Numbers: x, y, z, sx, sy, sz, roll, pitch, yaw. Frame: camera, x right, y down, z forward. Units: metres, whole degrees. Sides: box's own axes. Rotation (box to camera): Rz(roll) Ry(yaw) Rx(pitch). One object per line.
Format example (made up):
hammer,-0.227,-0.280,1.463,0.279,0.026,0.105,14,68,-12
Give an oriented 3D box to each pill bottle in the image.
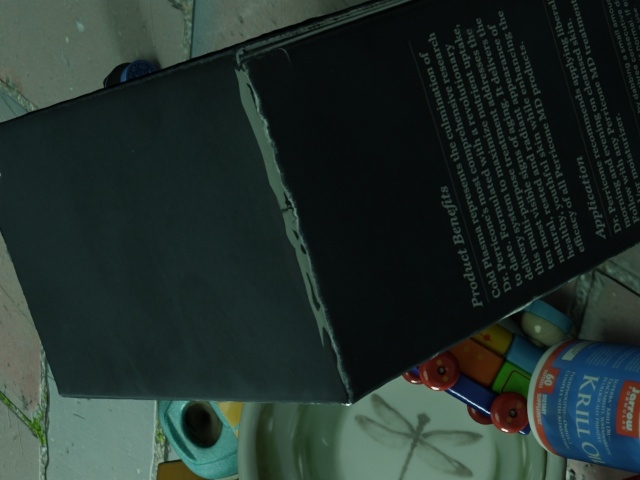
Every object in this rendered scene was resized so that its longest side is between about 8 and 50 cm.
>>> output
pill bottle,0.320,0.165,1.395,0.221,0.124,0.124,3,110,50

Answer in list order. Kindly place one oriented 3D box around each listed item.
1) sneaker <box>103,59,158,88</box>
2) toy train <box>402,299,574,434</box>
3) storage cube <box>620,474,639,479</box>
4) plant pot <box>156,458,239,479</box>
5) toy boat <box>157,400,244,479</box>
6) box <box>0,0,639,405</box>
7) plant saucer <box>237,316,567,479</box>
sneaker,-0.239,-0.129,1.972,0.090,0.081,0.232,-8,95,55
toy train,0.133,0.085,1.489,0.248,0.143,0.105,31,173,-8
storage cube,0.309,0.348,1.400,0.215,0.184,0.193,166,90,-70
plant pot,-0.159,0.404,2.064,0.205,0.205,0.188,-15,82,53
toy boat,-0.083,0.269,1.902,0.318,0.148,0.267,53,126,11
box,0.008,-0.067,1.370,0.480,0.472,0.297,-7,103,53
plant saucer,0.099,0.240,1.642,0.400,0.100,0.400,-5,79,27
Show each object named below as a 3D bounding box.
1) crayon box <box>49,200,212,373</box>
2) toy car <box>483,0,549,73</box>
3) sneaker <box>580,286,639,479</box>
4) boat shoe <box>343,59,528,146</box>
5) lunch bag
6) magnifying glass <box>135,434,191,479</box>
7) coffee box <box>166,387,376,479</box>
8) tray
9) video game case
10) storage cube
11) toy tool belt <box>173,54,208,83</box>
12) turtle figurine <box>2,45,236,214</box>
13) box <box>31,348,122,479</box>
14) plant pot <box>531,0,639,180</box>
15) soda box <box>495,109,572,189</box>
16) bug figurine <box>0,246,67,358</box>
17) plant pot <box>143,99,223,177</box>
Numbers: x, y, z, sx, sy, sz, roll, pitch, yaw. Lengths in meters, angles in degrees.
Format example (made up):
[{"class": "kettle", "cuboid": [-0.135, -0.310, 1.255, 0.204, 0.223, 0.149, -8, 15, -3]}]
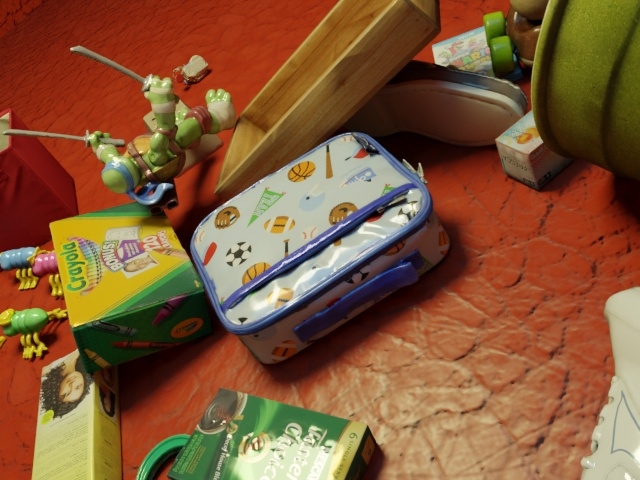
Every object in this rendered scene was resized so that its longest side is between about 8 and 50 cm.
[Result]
[{"class": "crayon box", "cuboid": [-0.274, 0.048, 0.903, 0.165, 0.081, 0.278, -17, 35, -19]}, {"class": "toy car", "cuboid": [0.306, -0.351, 0.894, 0.155, 0.188, 0.149, -9, 44, 14]}, {"class": "sneaker", "cuboid": [0.252, 0.158, 0.481, 0.129, 0.111, 0.297, -20, 39, 23]}, {"class": "boat shoe", "cuboid": [0.153, -0.206, 0.916, 0.324, 0.116, 0.096, 12, 59, 47]}, {"class": "lunch bag", "cuboid": [0.000, 0.000, 0.800, 0.303, 0.115, 0.243, -33, 41, -1]}, {"class": "magnifying glass", "cuboid": [-0.128, 0.289, 0.649, 0.092, 0.026, 0.231, -36, 38, -7]}, {"class": "coffee box", "cuboid": [-0.048, 0.217, 0.639, 0.184, 0.040, 0.113, 7, 48, 30]}, {"class": "tray", "cuboid": [0.001, -0.228, 0.929, 0.411, 0.076, 0.202, -40, 30, 38]}, {"class": "video game case", "cuboid": [0.243, -0.284, 1.016, 0.119, 0.015, 0.166, -17, 41, 17]}, {"class": "storage cube", "cuboid": [-0.598, -0.096, 1.215, 0.184, 0.193, 0.215, -33, 40, -2]}, {"class": "toy tool belt", "cuboid": [-0.290, -0.371, 1.429, 0.083, 0.052, 0.051, -42, 9, -17]}, {"class": "turtle figurine", "cuboid": [-0.272, -0.192, 0.988, 0.275, 0.198, 0.266, 36, 32, 9]}, {"class": "box", "cuboid": [-0.295, 0.234, 0.783, 0.087, 0.058, 0.232, -29, 40, 2]}, {"class": "plant pot", "cuboid": [0.437, -0.151, 0.525, 0.366, 0.366, 0.353, -39, 51, -9]}, {"class": "soda box", "cuboid": [0.306, -0.147, 0.793, 0.183, 0.063, 0.058, -38, 40, -9]}, {"class": "bug figurine", "cuboid": [-0.496, 0.093, 1.048, 0.216, 0.072, 0.279, -11, 43, 23]}, {"class": "plant pot", "cuboid": [-0.263, -0.201, 1.188, 0.109, 0.096, 0.109, -37, 39, -6]}]
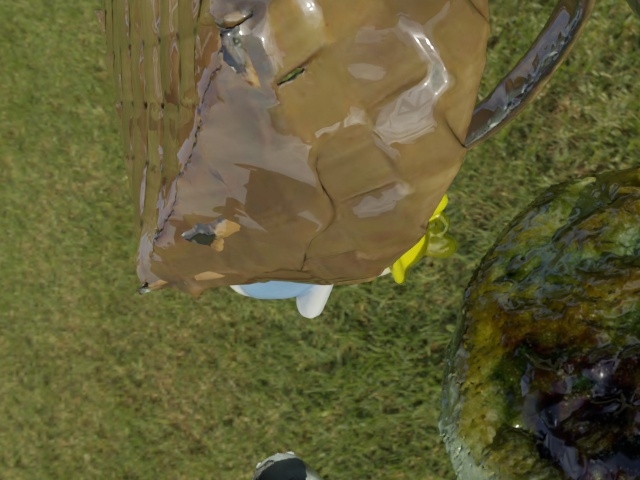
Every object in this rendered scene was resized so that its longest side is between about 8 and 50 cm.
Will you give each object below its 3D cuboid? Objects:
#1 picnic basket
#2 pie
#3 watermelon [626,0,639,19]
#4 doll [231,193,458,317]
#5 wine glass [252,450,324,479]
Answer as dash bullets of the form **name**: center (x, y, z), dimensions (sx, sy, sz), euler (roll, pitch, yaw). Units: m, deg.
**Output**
- **picnic basket**: center (0.032, -0.133, 0.506), dimensions (0.337, 0.337, 0.293), euler (66, 147, 26)
- **pie**: center (0.209, 0.064, 0.462), dimensions (0.323, 0.070, 0.323), euler (-22, 38, 19)
- **watermelon**: center (0.423, -0.355, 0.736), dimensions (0.279, 0.279, 0.359), euler (28, 139, 41)
- **doll**: center (0.000, 0.000, 0.691), dimensions (0.241, 0.099, 0.135), euler (-6, 81, 20)
- **wine glass**: center (-0.031, 0.471, 1.330), dimensions (0.126, 0.241, 0.126), euler (-14, 41, 13)
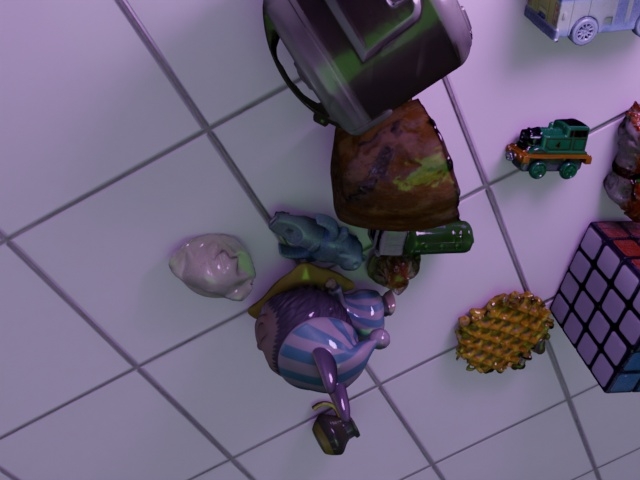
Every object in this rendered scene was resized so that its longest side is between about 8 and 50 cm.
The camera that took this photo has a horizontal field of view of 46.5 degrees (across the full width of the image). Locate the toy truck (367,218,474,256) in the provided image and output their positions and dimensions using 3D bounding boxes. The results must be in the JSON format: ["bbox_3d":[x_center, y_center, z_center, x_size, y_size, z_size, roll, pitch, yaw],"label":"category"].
[{"bbox_3d":[0.243,-0.018,1.791,0.242,0.125,0.101,-1,127,-15],"label":"toy truck"}]

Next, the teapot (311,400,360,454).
[{"bbox_3d":[0.038,0.542,2.176,0.119,0.130,0.165,-27,99,-14],"label":"teapot"}]

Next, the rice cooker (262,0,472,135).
[{"bbox_3d":[0.067,-0.383,1.335,0.325,0.335,0.335,-31,129,9],"label":"rice cooker"}]

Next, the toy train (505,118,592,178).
[{"bbox_3d":[0.541,-0.220,1.750,0.228,0.091,0.136,1,116,-16],"label":"toy train"}]

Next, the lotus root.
[{"bbox_3d":[0.133,-0.171,1.531,0.250,0.316,0.316,-13,129,0],"label":"lotus root"}]

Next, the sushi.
[{"bbox_3d":[0.783,-0.188,1.828,0.124,0.130,0.332,-14,135,-13],"label":"sushi"}]

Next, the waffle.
[{"bbox_3d":[0.525,0.271,2.136,0.329,0.062,0.329,-9,129,-12],"label":"waffle"}]

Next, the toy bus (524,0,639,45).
[{"bbox_3d":[0.588,-0.516,1.492,0.312,0.152,0.190,-8,129,-10],"label":"toy bus"}]

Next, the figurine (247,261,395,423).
[{"bbox_3d":[0.031,0.280,1.780,0.361,0.377,0.266,9,138,-25],"label":"figurine"}]

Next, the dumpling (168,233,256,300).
[{"bbox_3d":[-0.244,0.057,1.724,0.181,0.111,0.155,35,80,-42],"label":"dumpling"}]

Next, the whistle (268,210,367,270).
[{"bbox_3d":[0.000,0.000,1.752,0.269,0.093,0.180,20,144,-27],"label":"whistle"}]

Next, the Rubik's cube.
[{"bbox_3d":[0.879,0.171,1.984,0.344,0.344,0.337,-1,127,-16],"label":"Rubik's cube"}]

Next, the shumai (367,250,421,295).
[{"bbox_3d":[0.190,0.078,1.853,0.145,0.116,0.145,-9,129,-12],"label":"shumai"}]
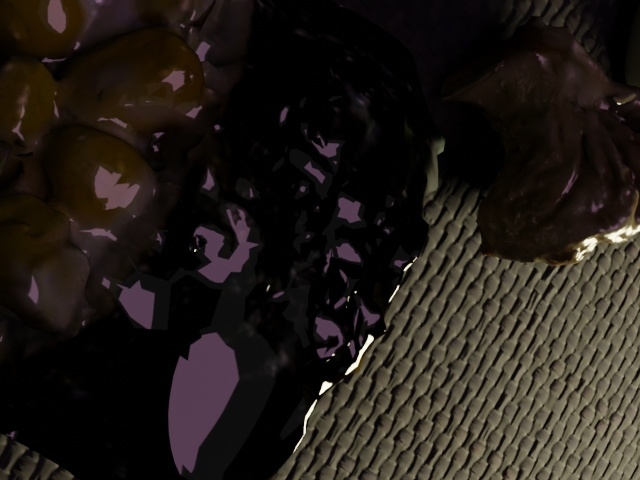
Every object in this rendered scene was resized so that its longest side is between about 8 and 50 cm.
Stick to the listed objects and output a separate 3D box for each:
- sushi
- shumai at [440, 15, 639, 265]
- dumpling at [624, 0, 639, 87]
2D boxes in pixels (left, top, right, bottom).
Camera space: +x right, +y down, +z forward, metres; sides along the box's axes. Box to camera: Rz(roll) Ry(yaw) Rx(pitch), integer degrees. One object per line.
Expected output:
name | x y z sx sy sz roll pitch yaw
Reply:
sushi | -0.127 -0.048 0.761 0.329 0.328 0.285 -50 118 -15
shumai | 0.191 -0.087 1.129 0.175 0.166 0.206 62 38 -24
dumpling | 0.364 -0.166 1.229 0.131 0.179 0.252 -6 108 -34
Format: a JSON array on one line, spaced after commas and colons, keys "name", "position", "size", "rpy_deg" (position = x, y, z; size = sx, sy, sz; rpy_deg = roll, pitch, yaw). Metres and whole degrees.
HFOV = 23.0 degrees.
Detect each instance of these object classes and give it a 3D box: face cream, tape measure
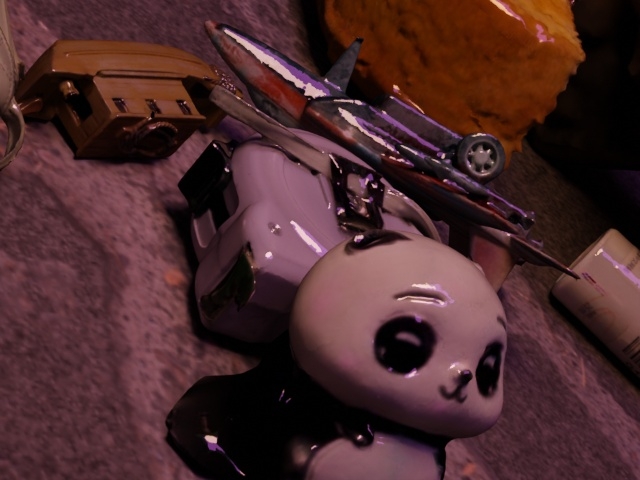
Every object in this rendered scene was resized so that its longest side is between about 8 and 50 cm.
[{"name": "face cream", "position": [0.318, 0.108, 1.337], "size": [0.269, 0.082, 0.082], "rpy_deg": [45, 28, 5]}, {"name": "tape measure", "position": [-0.003, -0.003, 1.067], "size": [0.196, 0.105, 0.178], "rpy_deg": [15, 38, -39]}]

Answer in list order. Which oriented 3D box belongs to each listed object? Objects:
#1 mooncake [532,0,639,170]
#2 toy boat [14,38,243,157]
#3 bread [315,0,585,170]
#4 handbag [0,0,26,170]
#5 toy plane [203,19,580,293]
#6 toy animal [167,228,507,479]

**WHAT YOU ARE ASKED TO DO**
Would you print exactly and only the lines of the material above that run from the line with "#4 doll [231,193,458,317]" through the line with "Answer as dash", both included?

**TASK RESULT**
#4 doll [231,193,458,317]
#5 wine glass [252,450,324,479]
Answer as dash bullets of the form **name**: center (x, y, z), dimensions (sx, sy, sz), euler (roll, pitch, yaw). Units: m, deg.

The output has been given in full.